AIM OF THE TASK: Make an exact copy of the listing below. Pictures stay out of it.

STORED DATA:
+++

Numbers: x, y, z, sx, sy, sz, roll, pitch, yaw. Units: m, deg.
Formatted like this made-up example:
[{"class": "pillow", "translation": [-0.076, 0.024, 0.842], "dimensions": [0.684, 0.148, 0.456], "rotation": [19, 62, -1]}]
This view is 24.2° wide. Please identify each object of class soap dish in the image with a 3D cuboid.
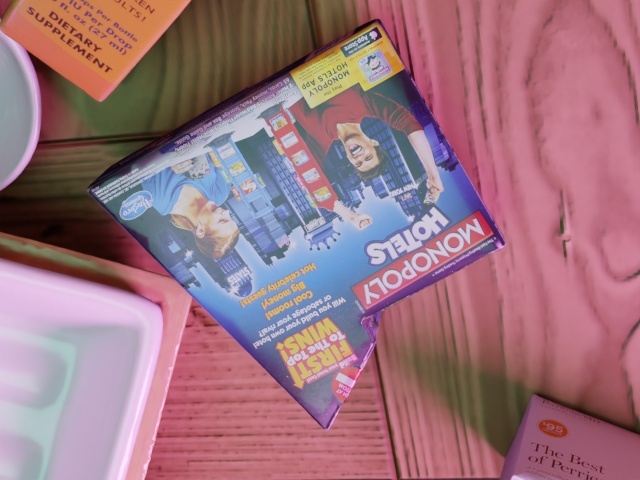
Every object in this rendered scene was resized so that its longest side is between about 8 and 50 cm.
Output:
[{"class": "soap dish", "translation": [-0.223, 0.131, 0.908], "dimensions": [0.229, 0.118, 0.290], "rotation": [15, 96, -6]}]

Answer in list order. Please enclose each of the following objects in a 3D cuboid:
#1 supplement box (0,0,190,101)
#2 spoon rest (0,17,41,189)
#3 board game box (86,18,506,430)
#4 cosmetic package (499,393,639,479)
[{"class": "supplement box", "translation": [-0.083, -0.165, 0.760], "dimensions": [0.078, 0.080, 0.233], "rotation": [36, 143, -12]}, {"class": "spoon rest", "translation": [-0.300, -0.091, 0.908], "dimensions": [0.276, 0.084, 0.137], "rotation": [5, 115, 15]}, {"class": "board game box", "translation": [0.000, 0.000, 0.866], "dimensions": [0.194, 0.060, 0.194], "rotation": [-28, 101, 14]}, {"class": "cosmetic package", "translation": [0.222, 0.176, 0.875], "dimensions": [0.239, 0.099, 0.060], "rotation": [21, 116, 5]}]
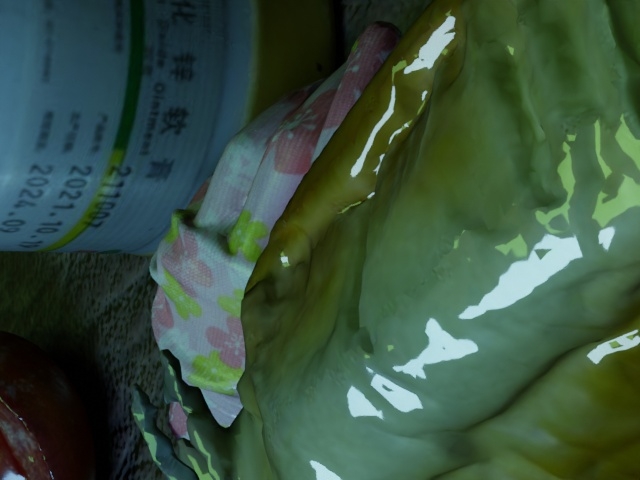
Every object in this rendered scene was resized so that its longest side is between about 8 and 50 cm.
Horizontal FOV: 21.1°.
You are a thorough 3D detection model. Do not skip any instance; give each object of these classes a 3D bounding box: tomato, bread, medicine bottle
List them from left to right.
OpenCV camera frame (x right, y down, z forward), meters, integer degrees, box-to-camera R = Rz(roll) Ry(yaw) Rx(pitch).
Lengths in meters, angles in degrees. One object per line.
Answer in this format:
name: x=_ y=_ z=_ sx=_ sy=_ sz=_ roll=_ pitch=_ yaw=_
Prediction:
tomato: x=-0.246 y=0.147 z=1.208 sx=0.233 sy=0.139 sz=0.200 roll=18 pitch=114 yaw=18
medicine bottle: x=-0.147 y=-0.109 z=0.998 sx=0.238 sy=0.232 sz=0.238 roll=-1 pitch=88 yaw=53
bread: x=0.103 y=0.018 z=0.642 sx=0.388 sy=0.236 sz=0.183 roll=-48 pitch=35 yaw=37

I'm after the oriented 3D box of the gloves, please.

+++

EXERCISE OUTPUT:
Numbers: x, y, z, sx, sy, sz, roll, pitch, yaw. Units: m, deg.
Formatted like this made-up example:
[{"class": "pillow", "translation": [-0.076, 0.024, 0.842], "dimensions": [0.684, 0.148, 0.456], "rotation": [19, 62, -1]}]
This view is 24.2° wide. Please identify each object of class soap dish in the image with a 3D cuboid.
Every object in this rendered scene was resized so that its longest side is between about 8 and 50 cm.
Output:
[{"class": "soap dish", "translation": [-0.223, 0.131, 0.908], "dimensions": [0.229, 0.118, 0.290], "rotation": [15, 96, -6]}]

Answer in list order. Please enclose each of the following objects in a 3D cuboid:
#1 supplement box (0,0,190,101)
#2 spoon rest (0,17,41,189)
#3 board game box (86,18,506,430)
#4 cosmetic package (499,393,639,479)
[{"class": "supplement box", "translation": [-0.083, -0.165, 0.760], "dimensions": [0.078, 0.080, 0.233], "rotation": [36, 143, -12]}, {"class": "spoon rest", "translation": [-0.300, -0.091, 0.908], "dimensions": [0.276, 0.084, 0.137], "rotation": [5, 115, 15]}, {"class": "board game box", "translation": [0.000, 0.000, 0.866], "dimensions": [0.194, 0.060, 0.194], "rotation": [-28, 101, 14]}, {"class": "cosmetic package", "translation": [0.222, 0.176, 0.875], "dimensions": [0.239, 0.099, 0.060], "rotation": [21, 116, 5]}]
Every object in this rendered scene was resized so that its longest side is between about 8 and 50 cm.
Horizontal FOV: 21.1°.
You are a thorough 3D detection model. Do not skip any instance; give each object of these classes a 3D bounding box: tomato, bread, medicine bottle
List them from left to right.
OpenCV camera frame (x right, y down, z forward), meters, integer degrees, box-to-camera R = Rz(roll) Ry(yaw) Rx(pitch).
Lengths in meters, angles in degrees. One object per line.
Answer in this format:
name: x=_ y=_ z=_ sx=_ sy=_ sz=_ roll=_ pitch=_ yaw=_
Prediction:
tomato: x=-0.246 y=0.147 z=1.208 sx=0.233 sy=0.139 sz=0.200 roll=18 pitch=114 yaw=18
medicine bottle: x=-0.147 y=-0.109 z=0.998 sx=0.238 sy=0.232 sz=0.238 roll=-1 pitch=88 yaw=53
bread: x=0.103 y=0.018 z=0.642 sx=0.388 sy=0.236 sz=0.183 roll=-48 pitch=35 yaw=37

I'm after the oriented 3D box of the gloves, please.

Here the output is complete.